## Stored items from a collection
■ ■ ■ ■
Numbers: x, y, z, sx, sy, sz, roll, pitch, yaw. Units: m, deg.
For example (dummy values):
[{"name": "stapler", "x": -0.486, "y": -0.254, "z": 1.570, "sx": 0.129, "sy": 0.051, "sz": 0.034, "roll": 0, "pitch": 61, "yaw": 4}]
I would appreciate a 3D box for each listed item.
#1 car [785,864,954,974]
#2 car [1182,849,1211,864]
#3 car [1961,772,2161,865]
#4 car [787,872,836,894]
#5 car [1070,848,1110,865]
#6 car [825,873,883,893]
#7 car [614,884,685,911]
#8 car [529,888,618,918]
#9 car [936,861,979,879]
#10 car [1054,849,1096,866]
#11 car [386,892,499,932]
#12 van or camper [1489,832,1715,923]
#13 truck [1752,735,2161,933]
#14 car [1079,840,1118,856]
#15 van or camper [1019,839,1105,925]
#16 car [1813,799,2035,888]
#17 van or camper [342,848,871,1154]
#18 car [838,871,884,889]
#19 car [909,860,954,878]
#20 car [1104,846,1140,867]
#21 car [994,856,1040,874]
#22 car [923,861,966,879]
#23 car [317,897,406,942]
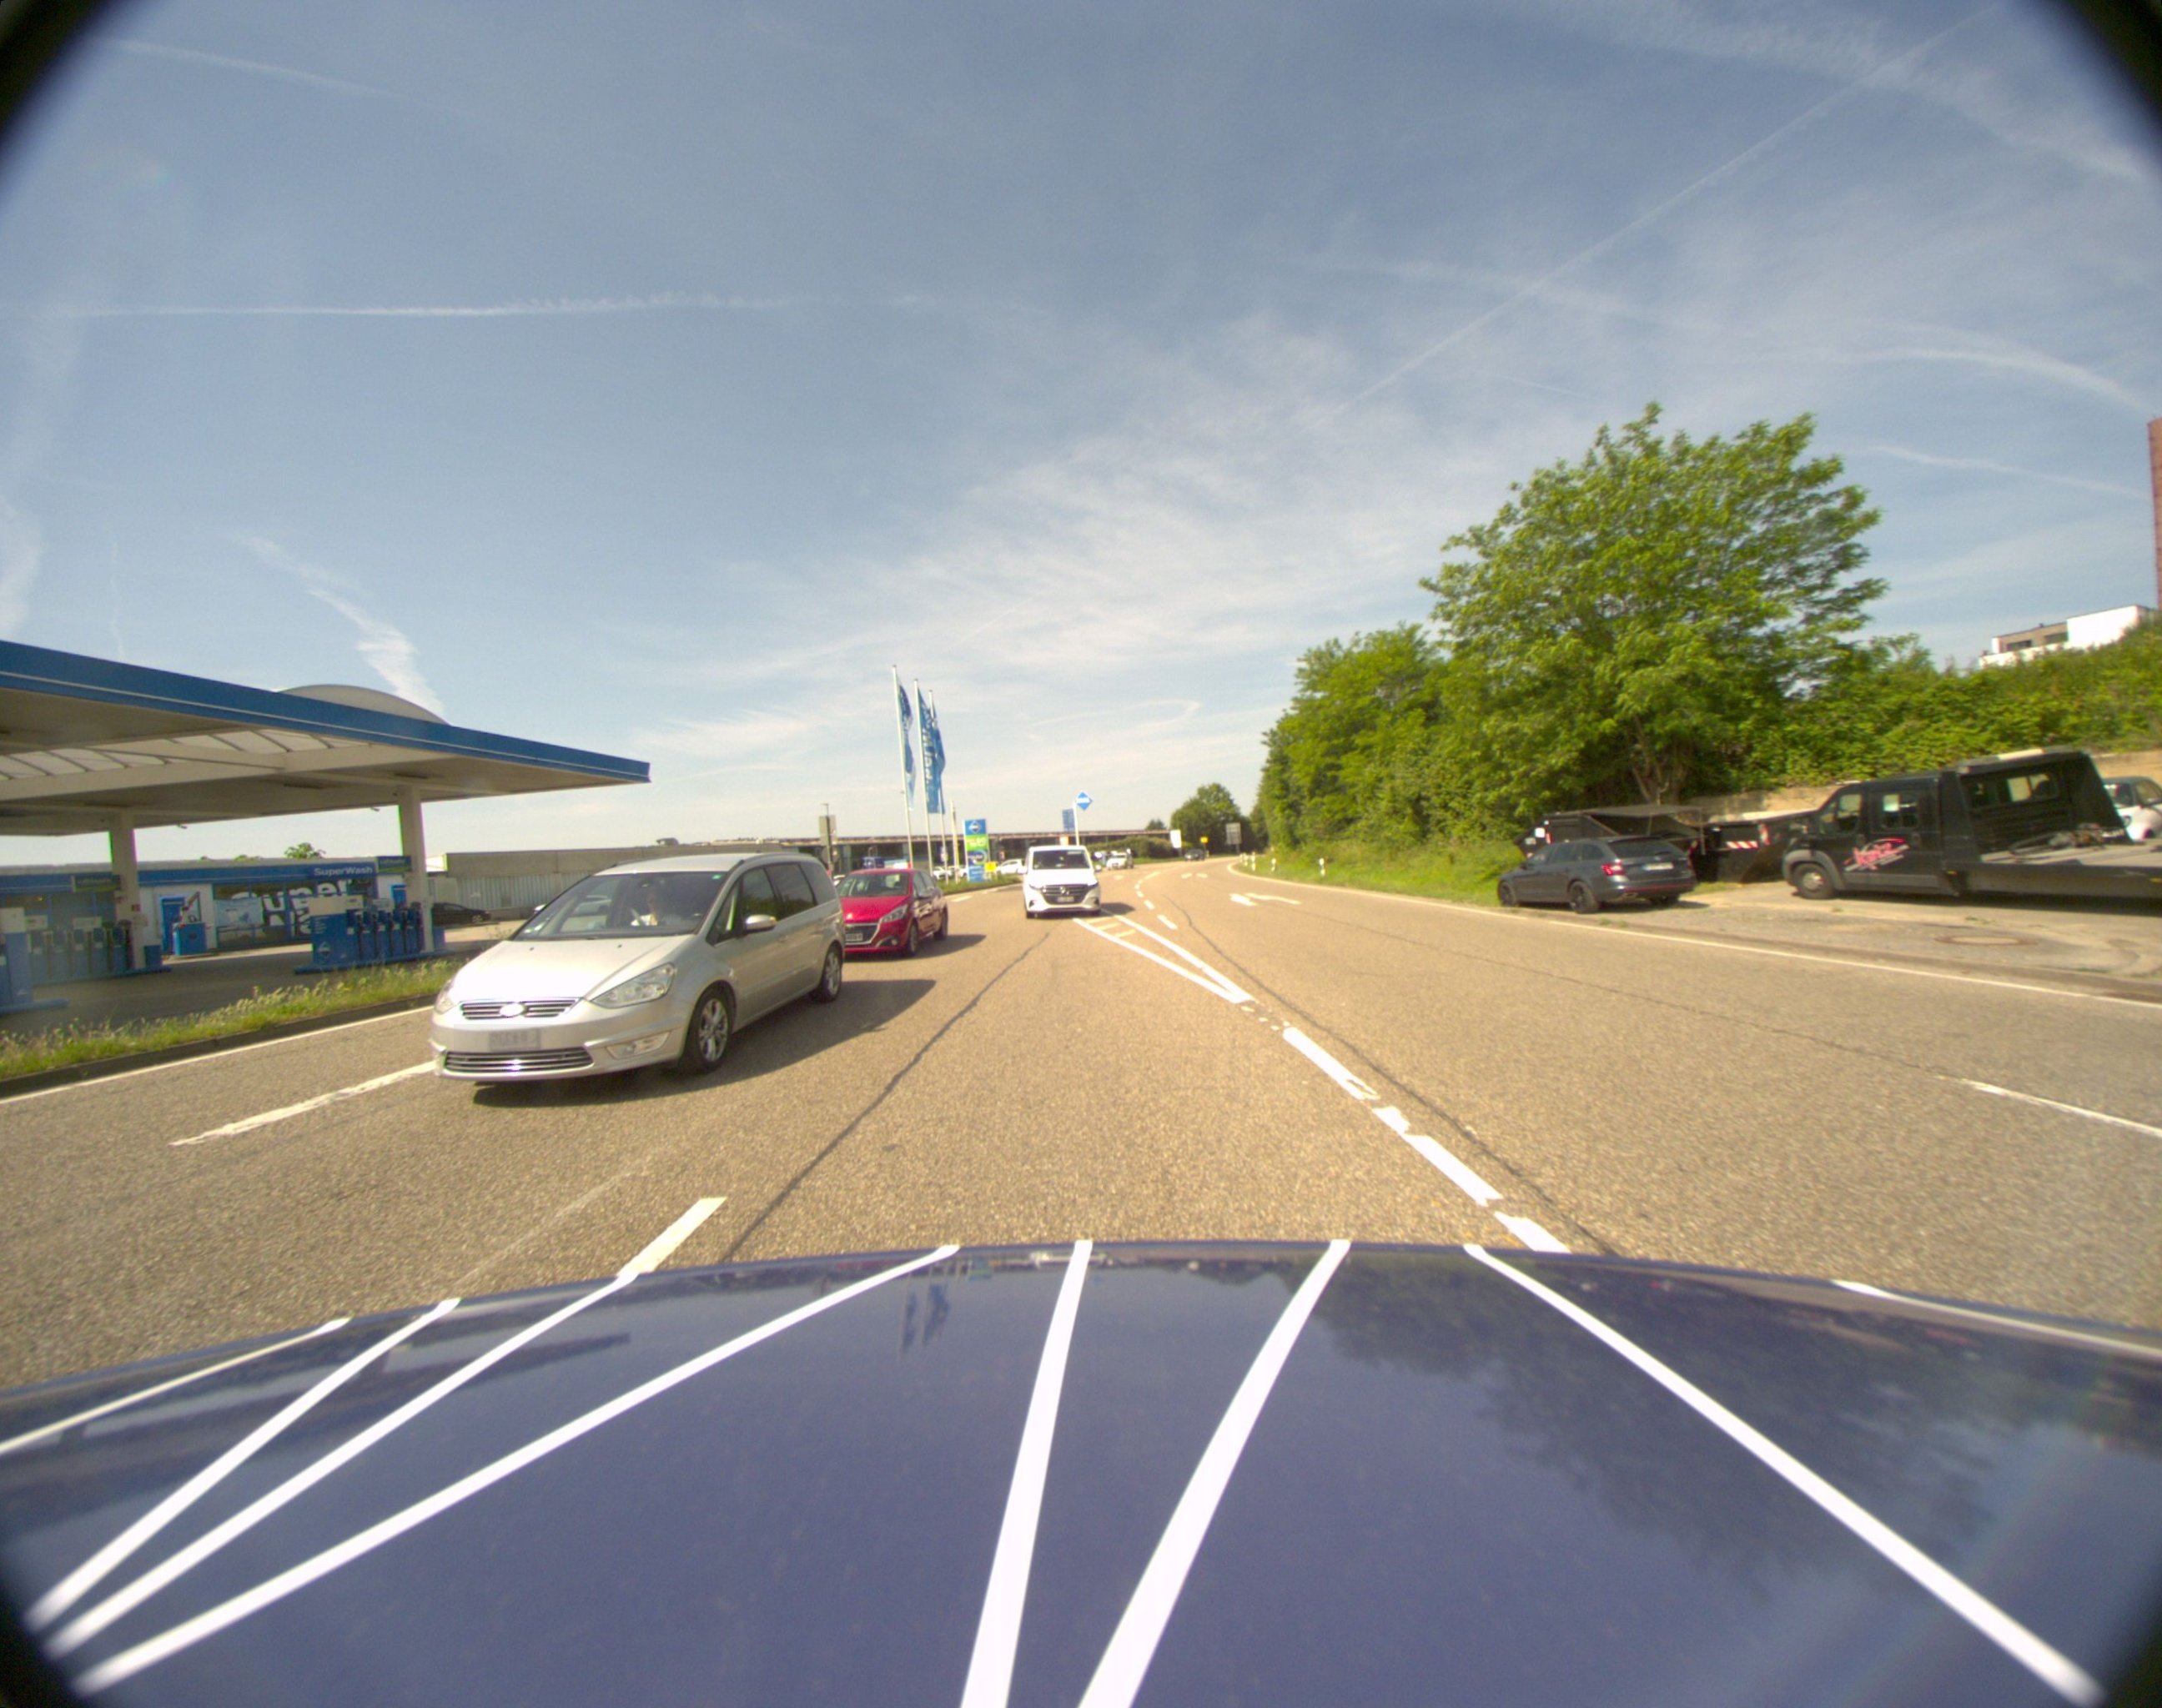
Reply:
[{"name": "car", "x": -3.570, "y": 1.027, "z": 13.549, "sx": 1.805, "sy": 1.563, "sz": 3.714, "roll": -2, "pitch": 0, "yaw": 2}, {"name": "car", "x": 14.923, "y": 0.343, "z": 97.965, "sx": 1.864, "sy": 1.632, "sz": 4.429, "roll": -4, "pitch": 0, "yaw": 32}, {"name": "car", "x": 18.289, "y": -0.658, "z": 13.840, "sx": 3.674, "sy": 1.460, "sz": 1.737, "roll": -4, "pitch": 0, "yaw": -21}, {"name": "car", "x": -23.322, "y": 2.516, "z": 65.792, "sx": 4.011, "sy": 1.595, "sz": 1.893, "roll": -4, "pitch": 1, "yaw": 34}, {"name": "car", "x": 1.098, "y": 0.298, "z": 89.674, "sx": 4.248, "sy": 1.628, "sz": 1.825, "roll": -4, "pitch": -1, "yaw": 26}, {"name": "car", "x": -18.027, "y": 2.300, "z": 60.351, "sx": 4.129, "sy": 1.245, "sz": 1.696, "roll": -4, "pitch": 0, "yaw": -23}, {"name": "car", "x": -31.684, "y": 3.171, "z": 55.881, "sx": 1.886, "sy": 1.595, "sz": 4.028, "roll": -4, "pitch": 0, "yaw": 31}, {"name": "car", "x": -34.138, "y": 3.279, "z": 51.216, "sx": 1.886, "sy": 1.595, "sz": 4.537, "roll": -4, "pitch": 0, "yaw": 28}, {"name": "car", "x": -13.615, "y": 1.768, "z": 83.543, "sx": 4.454, "sy": 1.628, "sz": 1.826, "roll": -4, "pitch": -1, "yaw": 32}, {"name": "car", "x": -0.714, "y": 0.433, "z": 85.452, "sx": 4.248, "sy": 1.628, "sz": 1.825, "roll": -4, "pitch": -1, "yaw": 26}, {"name": "car", "x": -37.674, "y": 3.391, "z": 44.975, "sx": 1.886, "sy": 1.815, "sz": 4.662, "roll": -4, "pitch": 0, "yaw": 26}, {"name": "van or camper", "x": 10.528, "y": 0.401, "z": 15.840, "sx": 1.643, "sy": 1.515, "sz": 4.467, "roll": -4, "pitch": 0, "yaw": 1}, {"name": "truck", "x": 14.025, "y": -0.349, "z": 10.180, "sx": 2.336, "sy": 2.283, "sz": 8.803, "roll": -8, "pitch": 0, "yaw": 3}, {"name": "car", "x": 2.104, "y": -0.688, "z": 92.136, "sx": 4.248, "sy": 1.628, "sz": 1.825, "roll": -4, "pitch": -1, "yaw": 26}, {"name": "van or camper", "x": -0.645, "y": 0.667, "z": 21.232, "sx": 1.999, "sy": 2.002, "sz": 5.288, "roll": -3, "pitch": 0, "yaw": -4}, {"name": "car", "x": 17.257, "y": -0.226, "z": 15.578, "sx": 3.674, "sy": 1.502, "sz": 1.714, "roll": -4, "pitch": 0, "yaw": -19}, {"name": "van or camper", "x": -3.640, "y": 0.903, "z": 7.268, "sx": 1.751, "sy": 1.777, "sz": 5.132, "roll": -4, "pitch": 0, "yaw": -1}, {"name": "car", "x": -20.549, "y": 2.414, "z": 70.857, "sx": 4.036, "sy": 1.449, "sz": 1.826, "roll": -4, "pitch": -1, "yaw": 32}, {"name": "car", "x": -15.755, "y": 1.539, "z": 80.086, "sx": 4.454, "sy": 1.628, "sz": 1.826, "roll": -4, "pitch": -1, "yaw": 32}, {"name": "car", "x": 3.735, "y": 0.227, "z": 68.615, "sx": 1.865, "sy": 1.632, "sz": 4.427, "roll": -4, "pitch": 0, "yaw": 21}, {"name": "car", "x": -6.590, "y": 1.151, "z": 77.796, "sx": 4.248, "sy": 1.628, "sz": 1.825, "roll": -4, "pitch": -1, "yaw": 26}, {"name": "car", "x": -14.684, "y": 1.712, "z": 81.773, "sx": 4.454, "sy": 1.628, "sz": 1.826, "roll": -4, "pitch": -1, "yaw": 32}, {"name": "car", "x": -33.030, "y": 3.003, "z": 34.863, "sx": 4.161, "sy": 1.815, "sz": 1.893, "roll": -4, "pitch": 1, "yaw": 32}]
■ ■ ■ ■
## EXERCISE PROMPT
Using the data above, reproduce exactly the lines between those holding "#13 truck [1752,735,2161,933]" and "#22 car [923,861,966,879]", inclusive, and no others.

## RESULT OF THIS TASK
#13 truck [1752,735,2161,933]
#14 car [1079,840,1118,856]
#15 van or camper [1019,839,1105,925]
#16 car [1813,799,2035,888]
#17 van or camper [342,848,871,1154]
#18 car [838,871,884,889]
#19 car [909,860,954,878]
#20 car [1104,846,1140,867]
#21 car [994,856,1040,874]
#22 car [923,861,966,879]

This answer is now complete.